„Viel deutlicher kann die Natur eigentlich nicht mehr werden”, ein Blick auf den Schladminger Gletscher lässt Klaus Reingruber die Stirn runzeln. Seit 20 Jahren ist er Gletschermesser und für vier der uralten Eisfelder im Dachsteingebiet zuständig. Wo es vor fünf Jahren noch schneeweiß glänzte, durchbrechen jetzt dunkle Felsen das Eis. „Das ist natürlich eine Tragödie, aber das eigentliche Problem ist, dass immer noch zu wenig getan wird”, fasst er zusammen. Lange Sommer und überdurchschnittlich warme Temperaturen haben die heimischen Gletscher im vergangenen Jahr um durchschnittlich 24 Meter schrumpfen lassen. Klaus Reingruber hat noch miterlebt, wie der Schladminger und der Hallstätter Gletscher bis an die steirische Grenze reichten. Mit der Zeit hätten sie sich immer weiter nach Oberösterreich zurückgezogen.

Ehrenamtliche messen die Gletscher

Neben Klaus Reingruber gibt es rund zwei Dutzend weitere ehrenamtliche Gletschermesser des Österreichischen Alpenvereins. Am vergangenen Wochenende trafen sie sich zum diesjährigen Fachtreffen der Gletschermesser am Dachstein. Das Treffen dient dem Austausch untereinander. Denn auch wenn jeder schwindende Gletscher seine eigenen Bedürfnisse hat, der Temperaturanstieg betrifft alle.

Die Messungen werden von Ehrenamtlichen durchgeführt
Die Messungen werden von Ehrenamtlichen durchgeführt © ÖAV / Neuner-Knabl

„Für jemanden, der zum ersten Mal hier ist, ist das natürlich trotzdem sehr imposant”, weiß Nicole Slupetzky. Die Vizepräsidentin des ÖAV ist quasi am Gletscher aufgewachsen. Ihr Vater, ebenfalls Gletschermesser, nahm sie schon im Alter von wenigen Monaten mit auf den Berg. „Als Kind habe ich das Schmelzwasser einmal Gletscherblut genannt. Erst heute weiß ich, wie richtig ich damals lag”, erinnert sich Slupetzky. Für sie sind die Gletscher wie alte Bekannte. Zu sehen, wie sie Jahr für Jahr weiter verschwinden, stimmt die Salzburgerin traurig. Sie nimmt es als Warnsignal: „Der Klimawandel wird in erster Linie den Menschen treffen“, sagt Slupetzky, „wir müssen hier auch unseren eigenen Arsch retten!“

Nicole Slupetzky ist traurig über die Entwicklung
Nicole Slupetzky ist traurig über die Entwicklung © ÖAV / Neuner-Knabl

Jährlicher Gletscherbericht

Gerhard Lieb ist da schon etwas abgebrühter. Traurigkeit löst der Gletscherschwund bei ihm nicht mehr aus. Dafür aber Neugier, wie sie sich unter den wärmeren Bedingungen verändern. Gemeinsam mit seinem Kollegen Andreas Kellerer-Pirklbauer leitet er den Gletschermessdienst des Österreichischen Alpenvereins. Aus den gesammelten Daten der Gletschermesser über Höhe, Länge und Bewegung des Eises erstellen die beiden Professoren am Institut für Geographie und Raumforschung der Karl-Franzens-Universität Graz jährlich den Gletscherbericht. “Die erste Vermessung der heimischen Gletscher liegt bereits 130 Jahre zurück. Damals erwartete man noch einen Gletschervorstoß, den man dokumentieren wollte”, erzählt Lieb. Mittlerweile hat es seit den Achtzigerjahren österreichweit keinen Vorstoß mehr gegeben.

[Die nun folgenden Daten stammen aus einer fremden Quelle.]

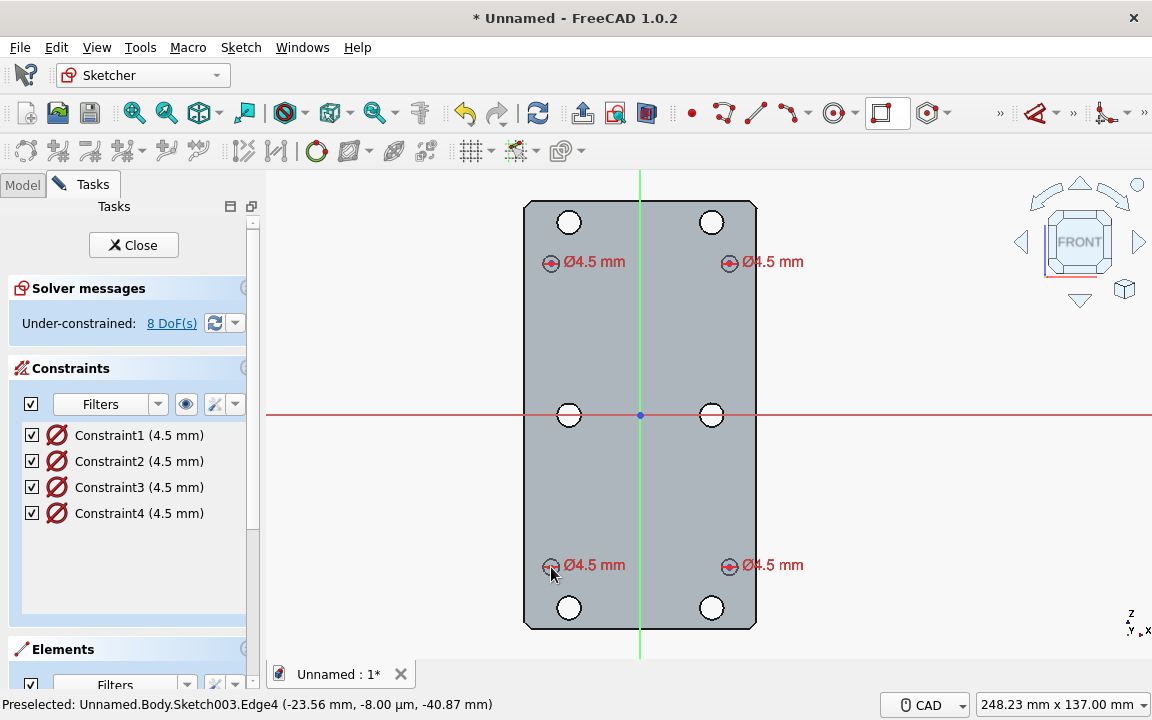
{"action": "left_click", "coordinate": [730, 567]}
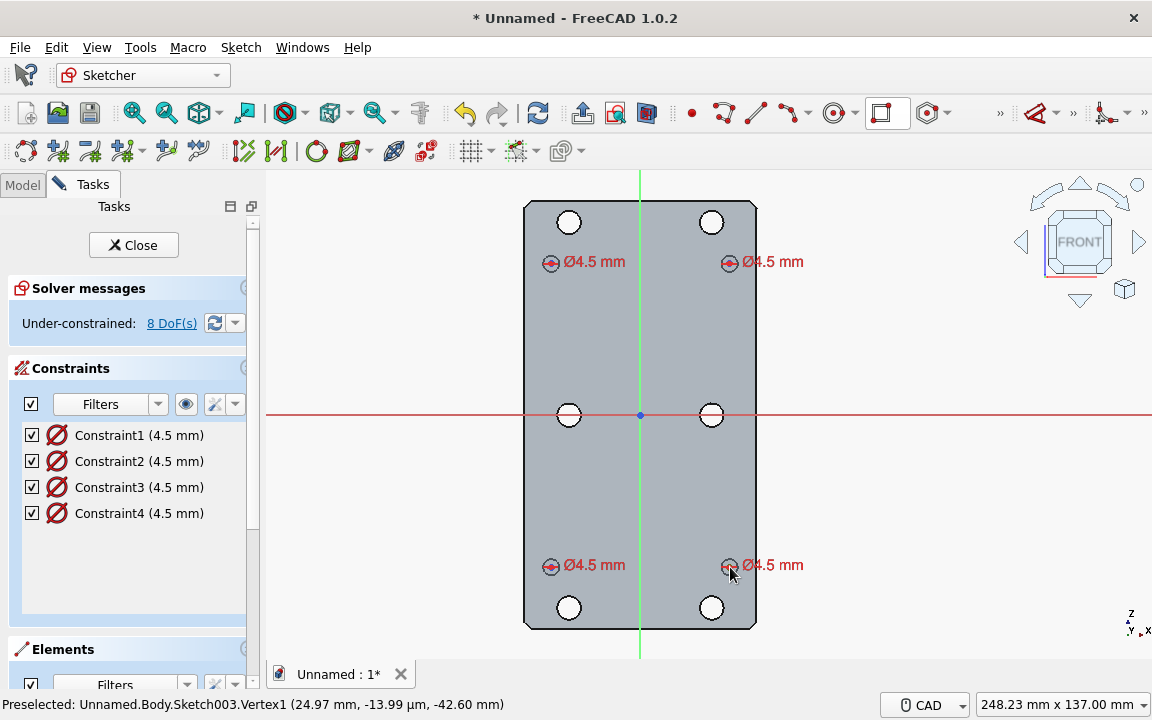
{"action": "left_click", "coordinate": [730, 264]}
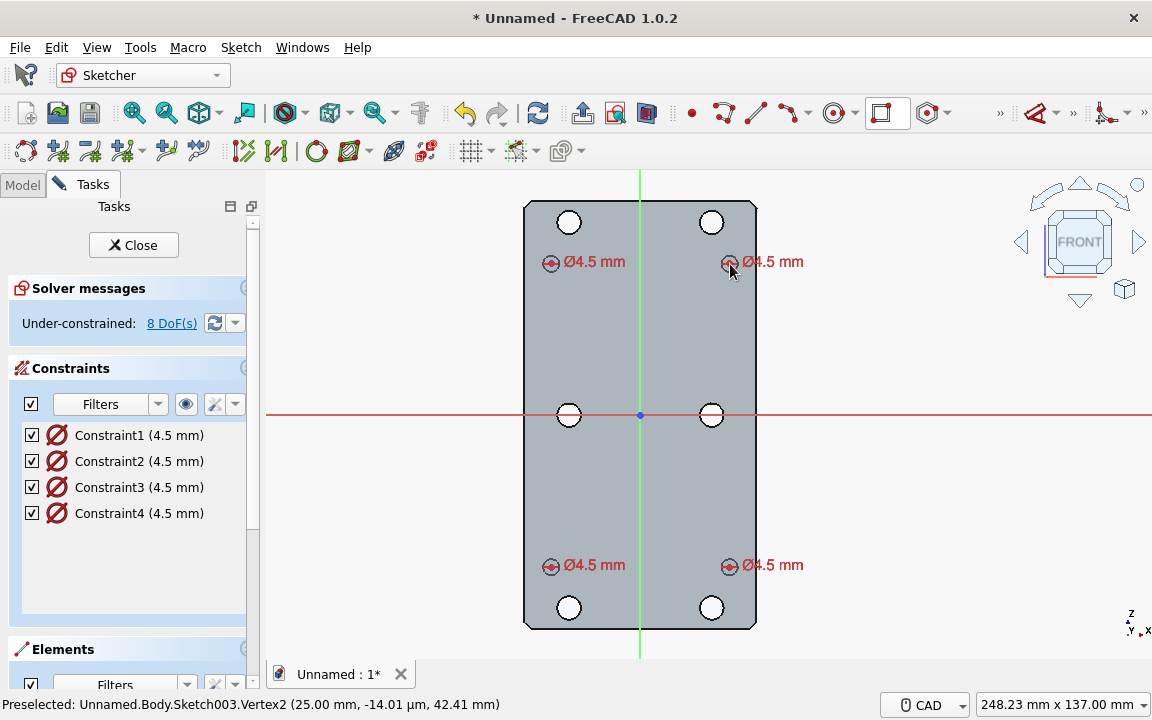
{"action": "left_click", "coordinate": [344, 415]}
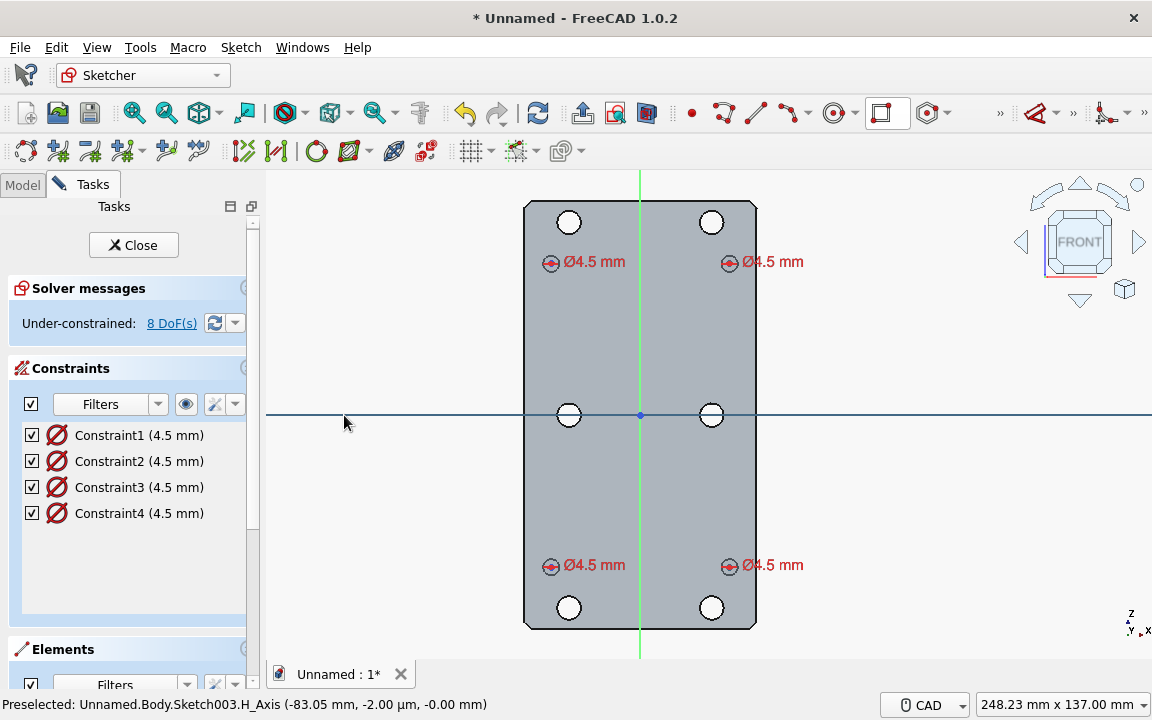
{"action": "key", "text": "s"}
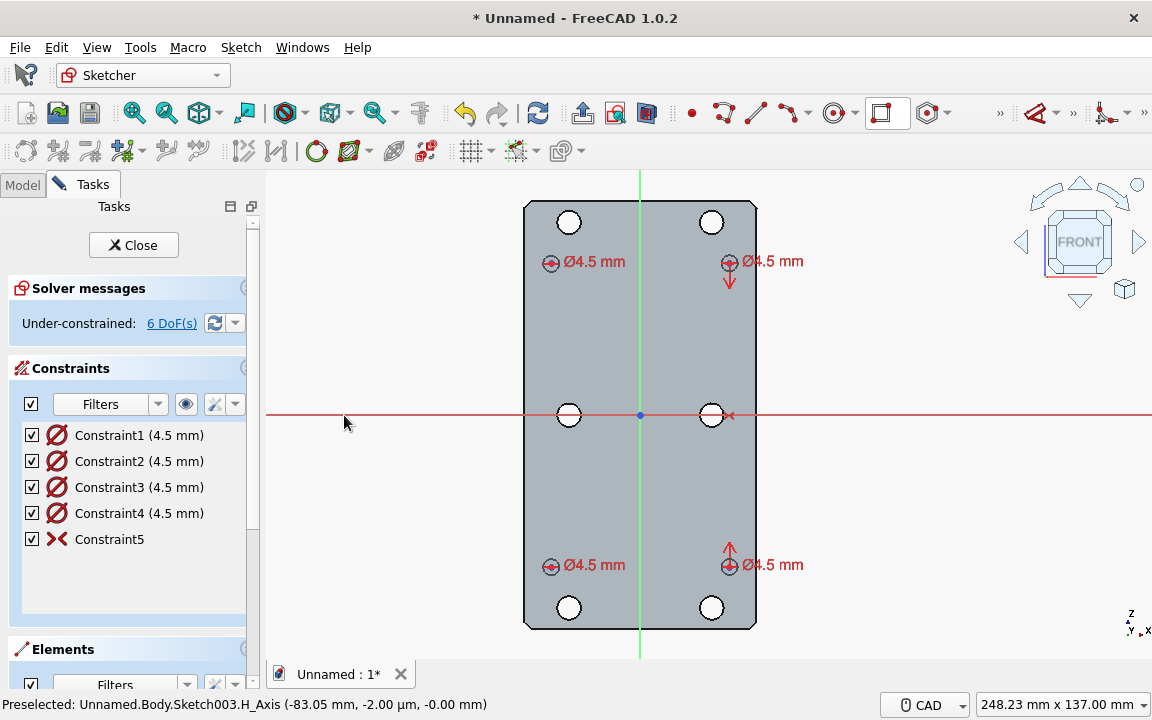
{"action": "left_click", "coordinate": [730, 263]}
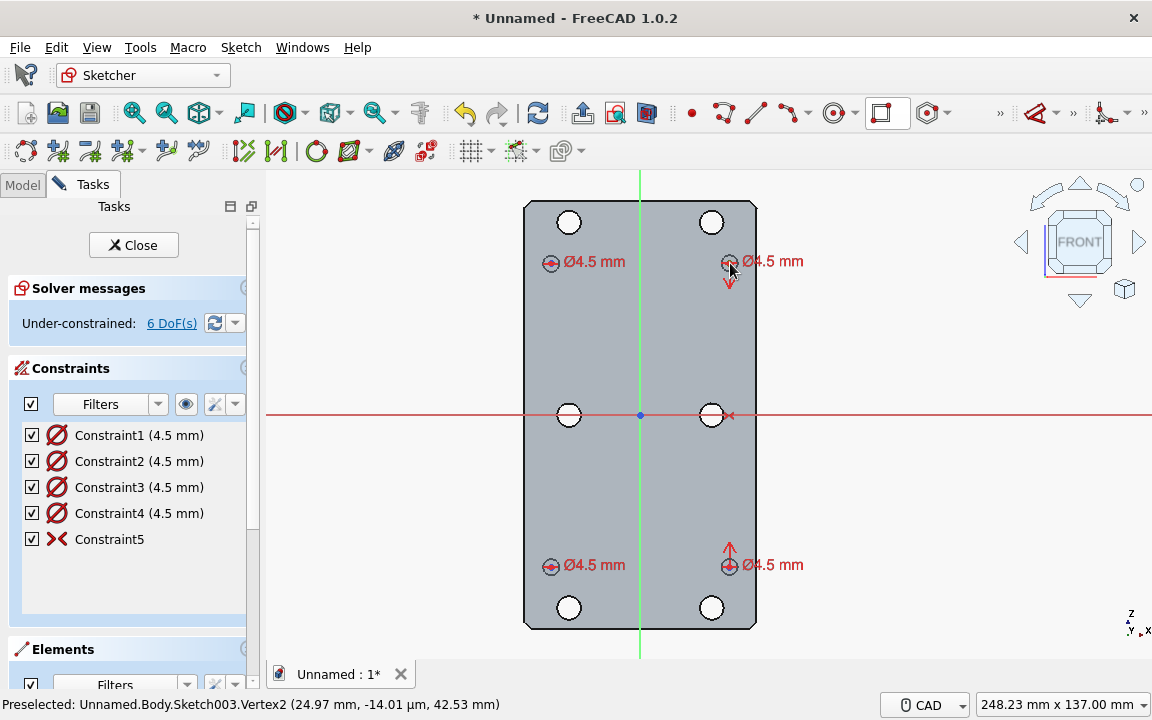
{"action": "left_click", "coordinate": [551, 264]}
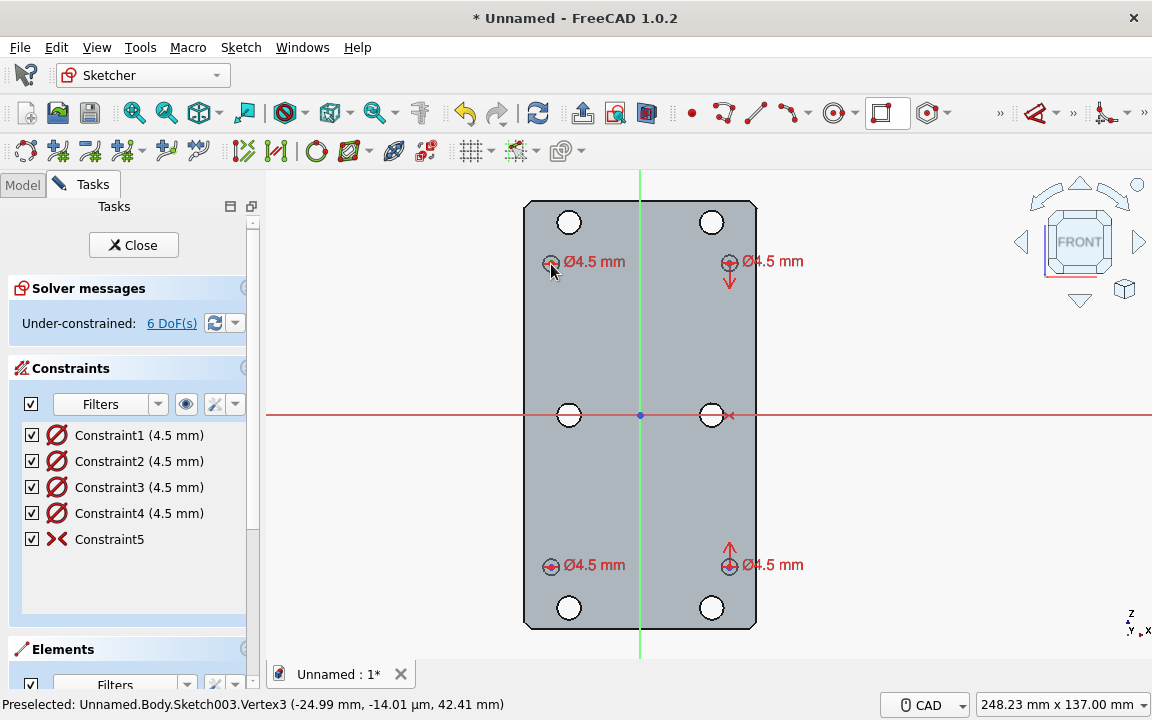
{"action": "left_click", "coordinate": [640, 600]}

Kellerer-Pirklbauer selbst hat am größten Gletscher Österreichs mit -203 Metern den größten Rückzug registriert. Seit den fünfziger Jahren liegt die Zuständigkeit für die Bemessung der Pasterze in Graz. Grund dafür war, dass der damals zuständige Gletschermesser eine Professur an der Universität Graz annahm. Das Ehrenamt blieb seitdem an der Uni.

Eisriesen mit Ablaufdatum

Neben einem genauen Blick in die Vergangenheit der Gletscher erlauben die Daten auch Prognosen für die Zukunft. Ein Ablaufdatum der Eisriesen ist in Sicht. Kellerer-Pirklbauer stellt ernüchternd fest: „Wir rechnen damit, dass die österreichischen Gletscher zwischen 2060 und spätestens 2070 vollständig abgeschmolzen sein werden.